Per il momento, comunque, il CSM non sembra intenzionato a dare avvio ad un procedimento nei suoi confronti. Tuttavia, l’organo di autogoverno della magistratura dovrà probabilmente uscire fuori dal suo proverbiale immobilismo per attivarsi in merito ad altri aspetti della vicenda che sono emersi dall’audizione della Forleo. Il giudice per le indagini preliminari avrebbe, infatti, riferito di un colloquio con il procuratore generale di Milano Mario Blandini, che le avrebbe consigliato di essere prudente e di depositare solo le intercettazioni strettamente attinenti all’inchiesta sulle scalate bancarie in modo da assecondare le presunte preoccupazioni di Massimo D’Alema sull’esistenza di sue conversazioni personali con l’indagato Giovanni Consorte, nelle quali il ministro degli Esteri si sarebbe lasciato andare a giudizi spiacevoli su alcuni compagni di partito, compreso Piero Fassino.

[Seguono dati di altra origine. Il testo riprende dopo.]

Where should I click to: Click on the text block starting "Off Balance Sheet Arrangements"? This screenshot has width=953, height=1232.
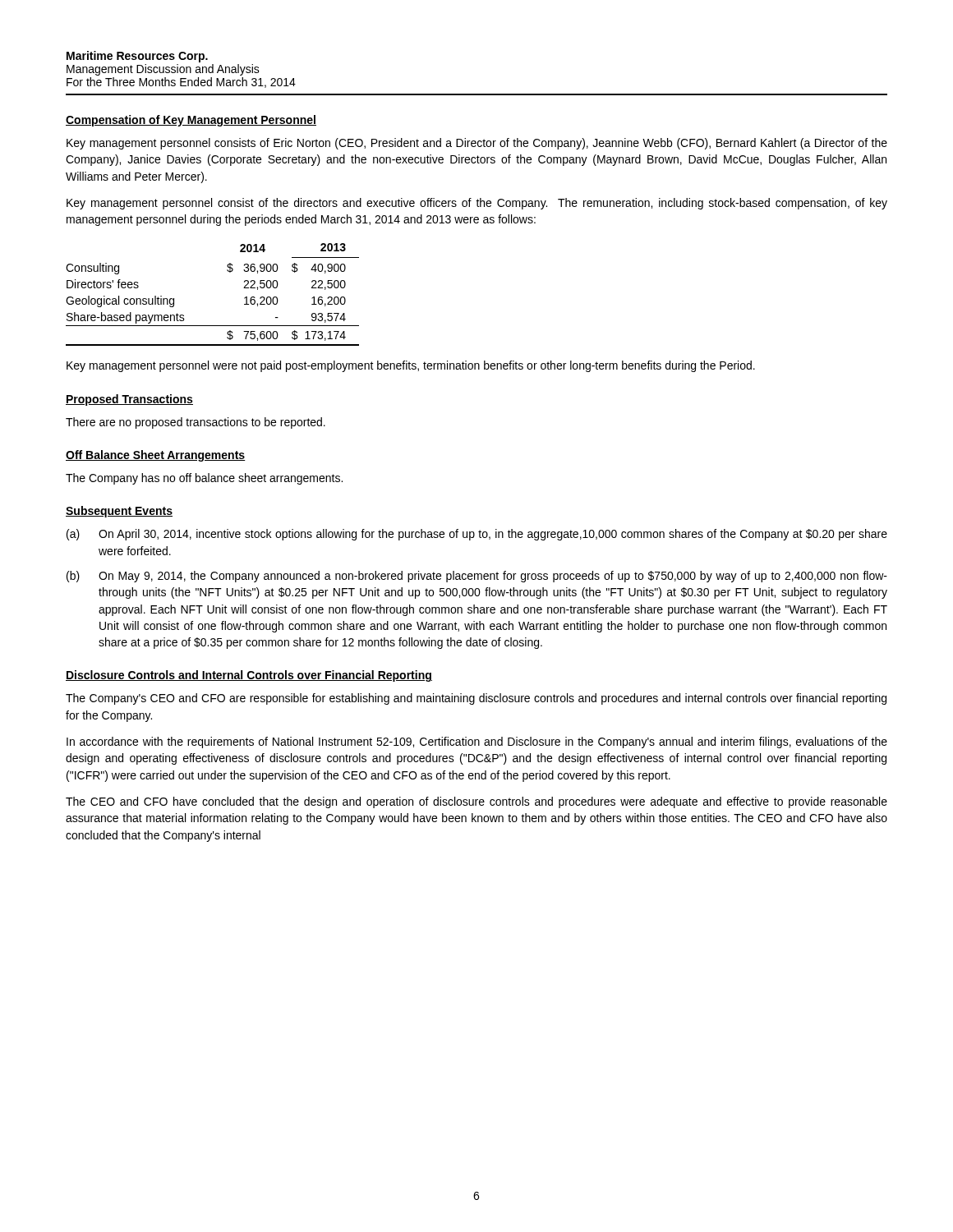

Se così fosse (per la cronaca, sia D’Alema che Blandini hanno smentito tali circostanze), la stessa procura di Milano – che ormai da quindici anni non perde occasione di mettere sotto accusa Berlusconi e le sue aziende, di censurare anche sul piano morale la sua attività di politico e di imprenditore e di aprire con disinvoltura fascicoli finalizzati a discreditare la sua immagine, ma destinati a risolversi sempre in assoluzioni o archiviazioni -, sembrerebbe dunque aver deciso di cambiare improvvisamente rotta e di comportarsi con prudenza, se non addirittura con delicatezza per venire incontro ai timori espressi da Massimo D’Alema.

Le circostanze autorizzano a sospettare che un tale cambiamento sarebbe dovuto al diverso schieramento politico dei due leaders, e accreditano anche i più stravaganti sospetti cospirazionisti sull’uso deviato delle indagini milanesi nei confronti del Cavaliere.

Ma non è da escludersi che, anche in questo caso, il CSM rinunci a fare chiarezza e fornisca così l’ennesima dimostrazione di trovare più interesse nell’equilibrio politico al suo interno che nel reale stato della Giustizia italiana.